Davidson has certainly never been more charming away from the Saturday Night Live set. His previous starring vehicles, the self-indulgent The King of Staten Island and boorish coming-of-age Big Time Adolescence, did little but play upon his stoner man-child persona. But Davidson’s demeanor here sees him finally match the vulnerability of his famous puppy-dog eyes. You can perhaps understand why Sheila, and apparently the entire female population of Hollywood, are so smitten.

Cuoco has a much trickier role. Not only does she have to flutter her eyelashes enough to make her affections reciprocal, but she also has to sell Sheila’s cocktail of depression, childhood trauma, and bunny boiling mania while still remaining sympathetic. Luckily, Cuoco is up to the job, summoning the same frantic energy and comic timing that made The Flight Attendant one of last year’s must-watches. And there’s a streak of black humor that runs through Meet Cute, from the fact that Sheila must fatally run over her old self each time she restarts the day to her downright icky attempts at correcting the course of her date.

Gary finally gets to wear something other than a stripey sweater.

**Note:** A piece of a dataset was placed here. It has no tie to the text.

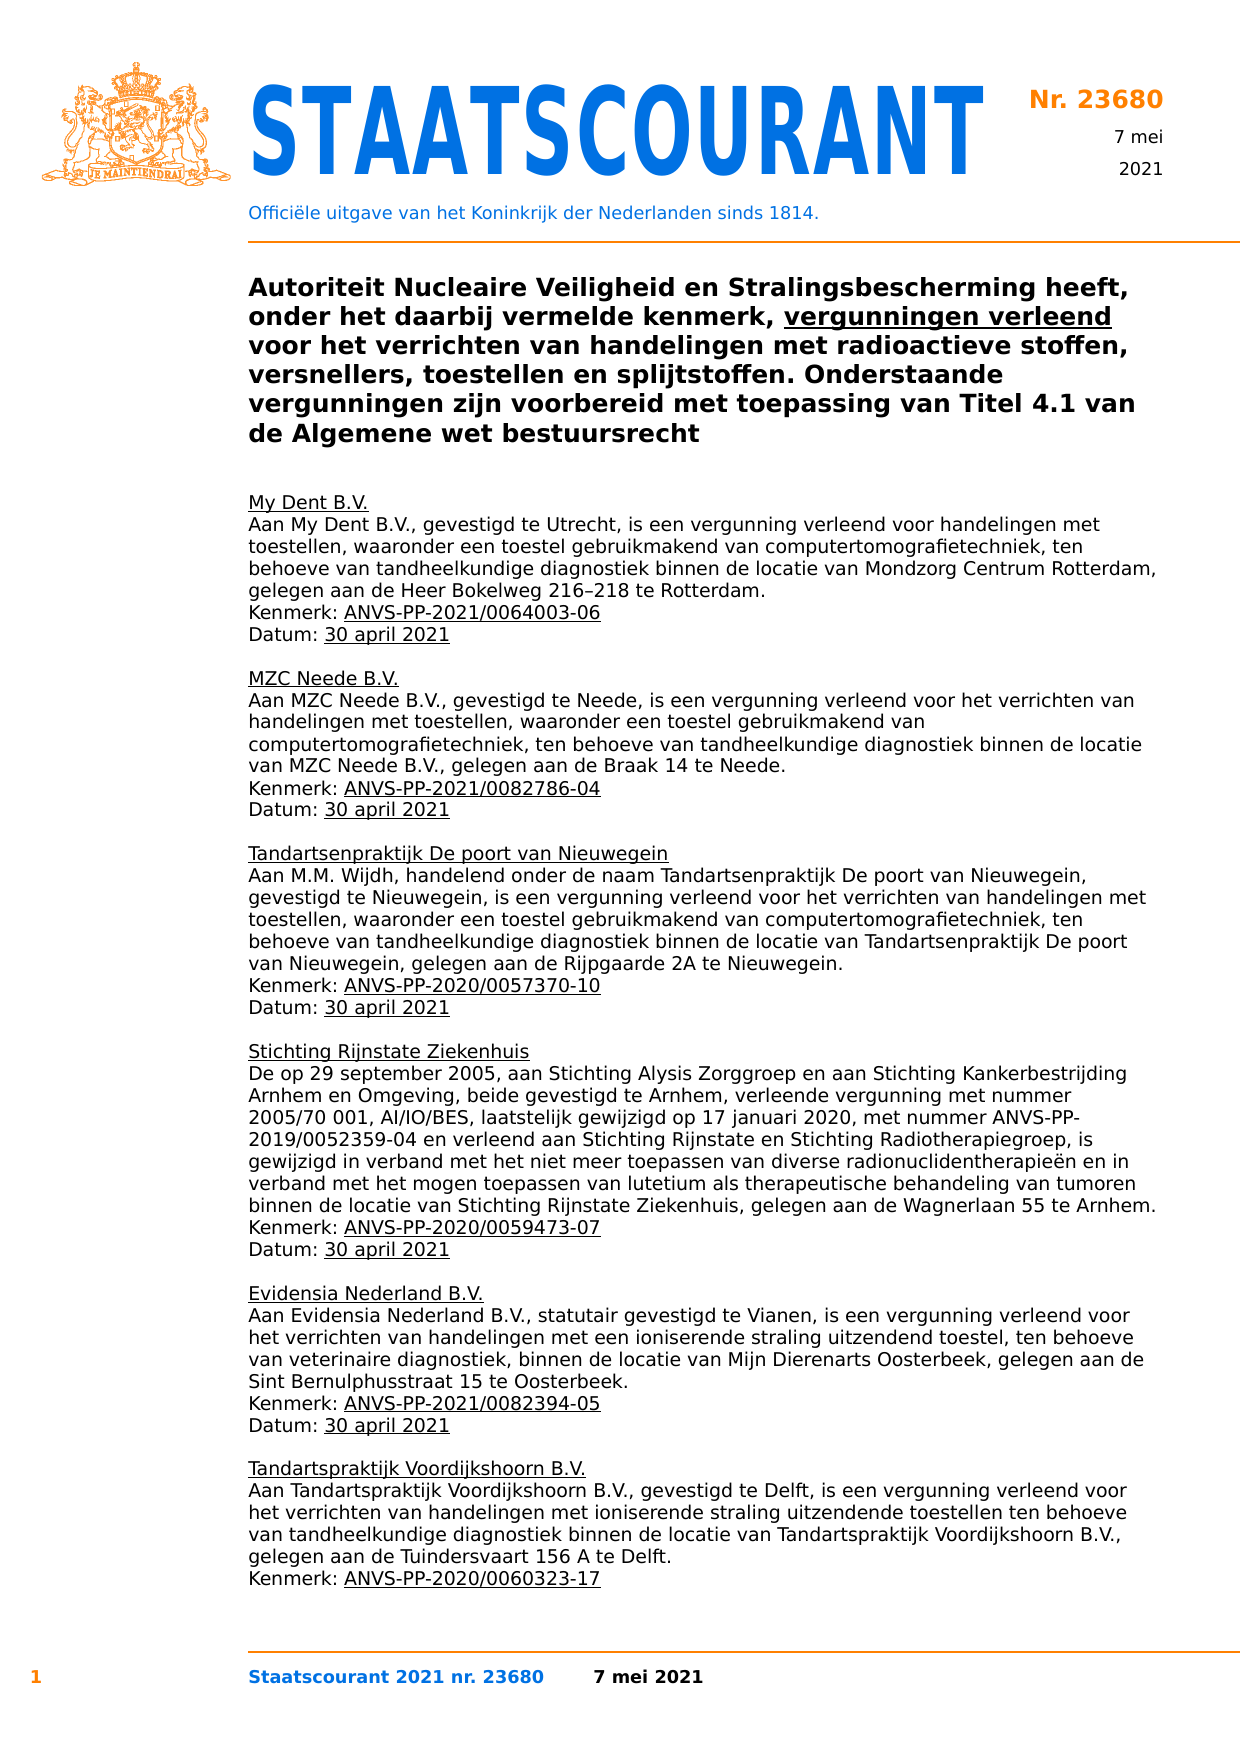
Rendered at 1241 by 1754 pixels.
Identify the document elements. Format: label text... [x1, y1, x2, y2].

But as is often the case with time-jumping movies, Meet Cute loses its way a little when it tries expanding on its simple concept. Although initially content to laugh at the same Sophie’s Choice jokes and hear the same dead dad stories, Sheila eventually begins to question her self-enforced déjà vu (“Even a perfectly good steak starts to taste like sh*t when you eat it every day”). By the halfway point, Meet Cute is betraying its own rules, however arbitrary they may have seemed. And while this narrative shift takes Sheila’s meddling to insane heights (and gives the deadpan salon owner played by Deborah S. Craig, the only other cast member with more than a few lines, the chance to steal a scene), it ends up tying the film into frustrating knots.

Nevertheless, Meet Cute’s hangout vibes, naturalistic performances, and air of melancholy mean it still works as a rom-com for people that don’t normally like them. It also lives up to Lehmann’s acclamation of “the most honest tanning bed time-machine New York romantic comedy you’ll ever see.”

Meet Cute is streaming now on Peacock.